### Your task
Please return all of the records verbatim, with the pictures omitted.

(Data excerpts Opens)

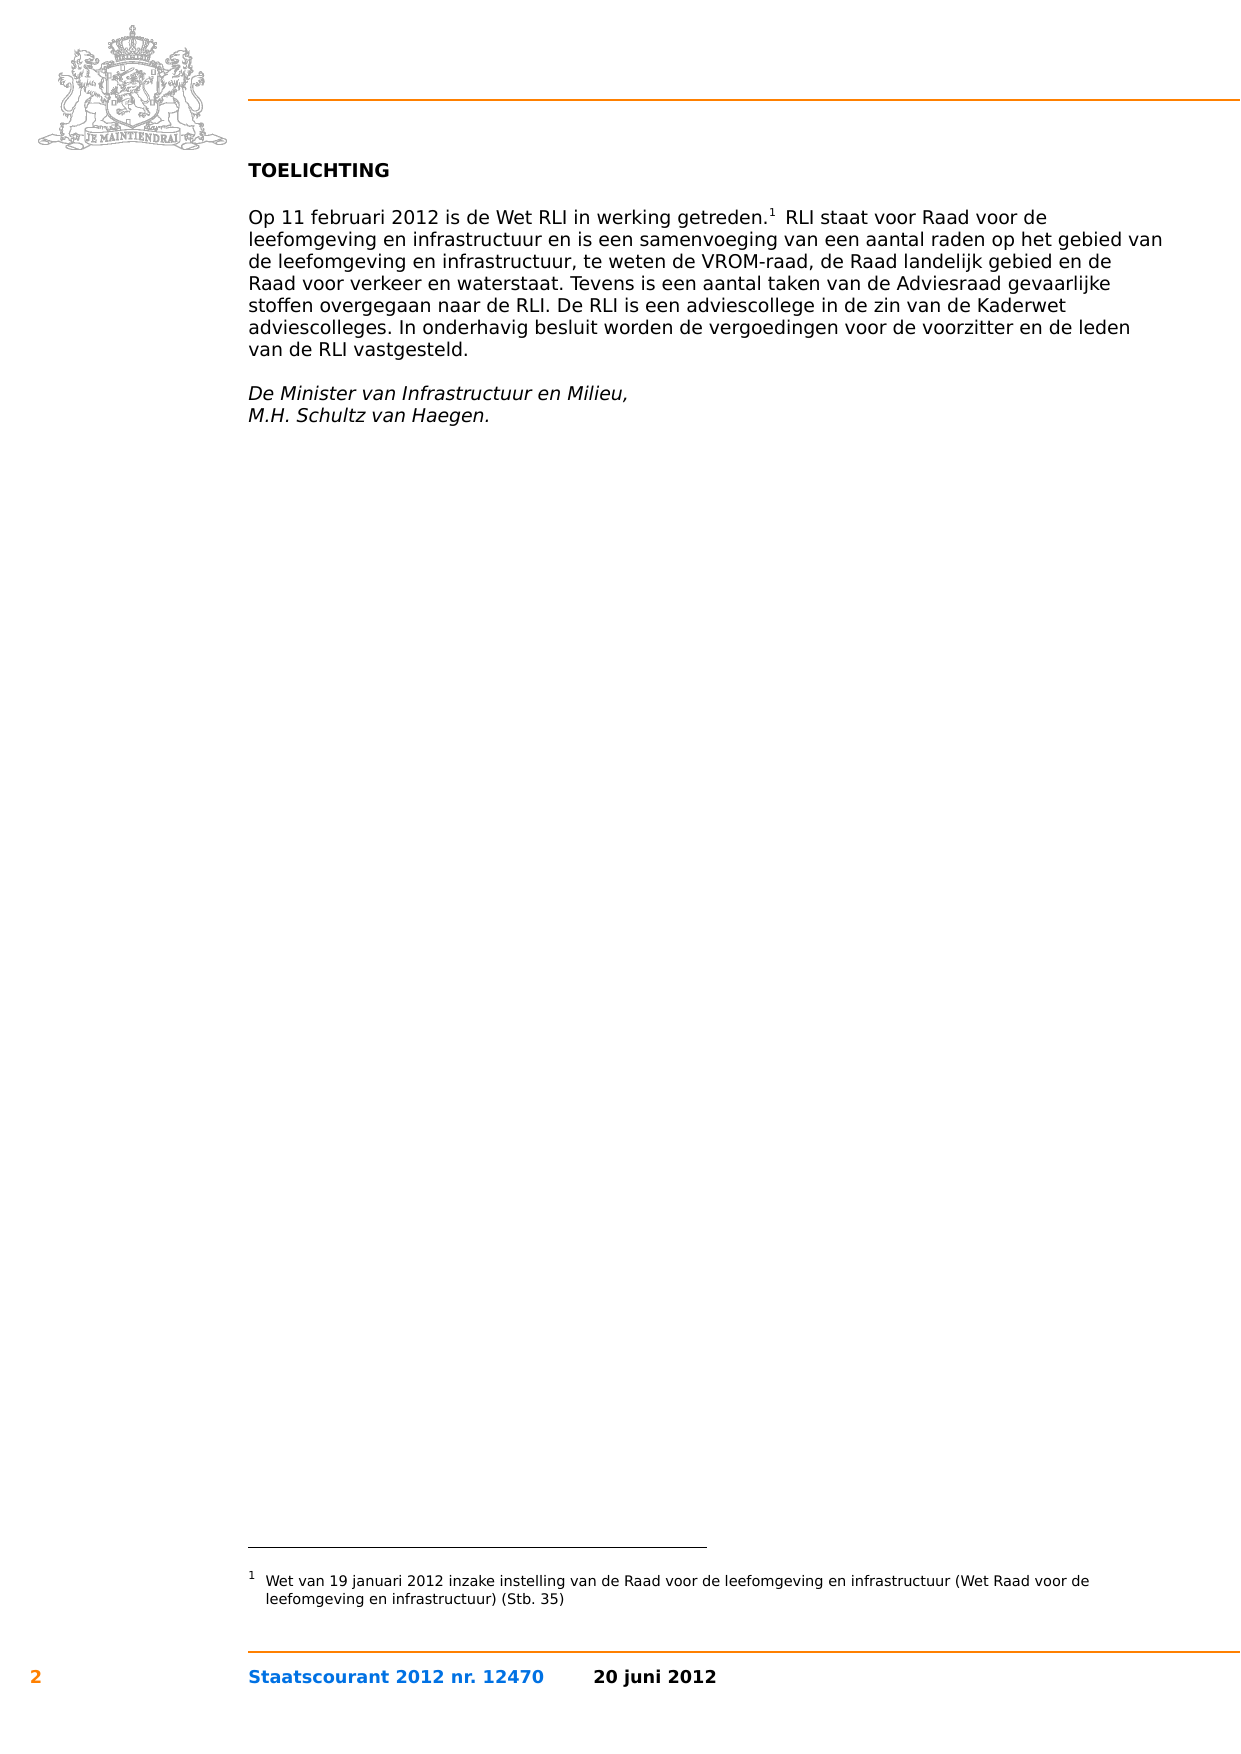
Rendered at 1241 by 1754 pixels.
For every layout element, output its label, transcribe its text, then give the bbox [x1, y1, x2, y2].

text Op 11 februari 2012 is de Wet RLI in werking getreden. RLI staat voor Raad voor de leefomgeving en infrastructuur en is een samenvoeging van een aantal raden op het gebied van de leefomgeving en infrastructuur, te weten de VROM-raad, de Raad landelijk gebied en de Raad voor verkeer en waterstaat. Tevens is een aantal taken van de Adviesraad gevaarlijke stoffen overgegaan naar de RLI. De RLI is een adviescollege in de zin van de Kaderwet adviescolleges. In onderhavig besluit worden de vergoedingen voor de voorzitter en de leden van de RLI vastgesteld. [248, 207, 1163, 361]
text Wet van 19 januari 2012 inzake instelling van de Raad voor de leefomgeving en infrastructuur (Wet Raad voor de leefomgeving en infrastructuur) (Stb. 35) [248, 1569, 1163, 1608]
picture [38, 25, 227, 150]
subtitle TOELICHTING [248, 160, 1163, 182]
text De Minister van Infrastructuur en Milieu, M.H. Schultz van Haegen. [248, 383, 1163, 427]

(Data excerpts Closes)

### Result of the exercise
Rendered at 1241 by 1754 pixels.
For every layout element, output its label, transcribe its text, then give the bbox [x1, y1, x2, y2].

text Op 11 februari 2012 is de Wet RLI in werking getreden. RLI staat voor Raad voor de leefomgeving en infrastructuur en is een samenvoeging van een aantal raden op het gebied van de leefomgeving en infrastructuur, te weten de VROM-raad, de Raad landelijk gebied en de Raad voor verkeer en waterstaat. Tevens is een aantal taken van de Adviesraad gevaarlijke stoffen overgegaan naar de RLI. De RLI is een adviescollege in de zin van de Kaderwet adviescolleges. In onderhavig besluit worden de vergoedingen voor de voorzitter en de leden van de RLI vastgesteld. [248, 207, 1163, 361]
text Wet van 19 januari 2012 inzake instelling van de Raad voor de leefomgeving en infrastructuur (Wet Raad voor de leefomgeving en infrastructuur) (Stb. 35) [248, 1569, 1163, 1608]
picture [38, 25, 227, 150]
subtitle TOELICHTING [248, 160, 1163, 182]
text De Minister van Infrastructuur en Milieu, M.H. Schultz van Haegen. [248, 383, 1163, 427]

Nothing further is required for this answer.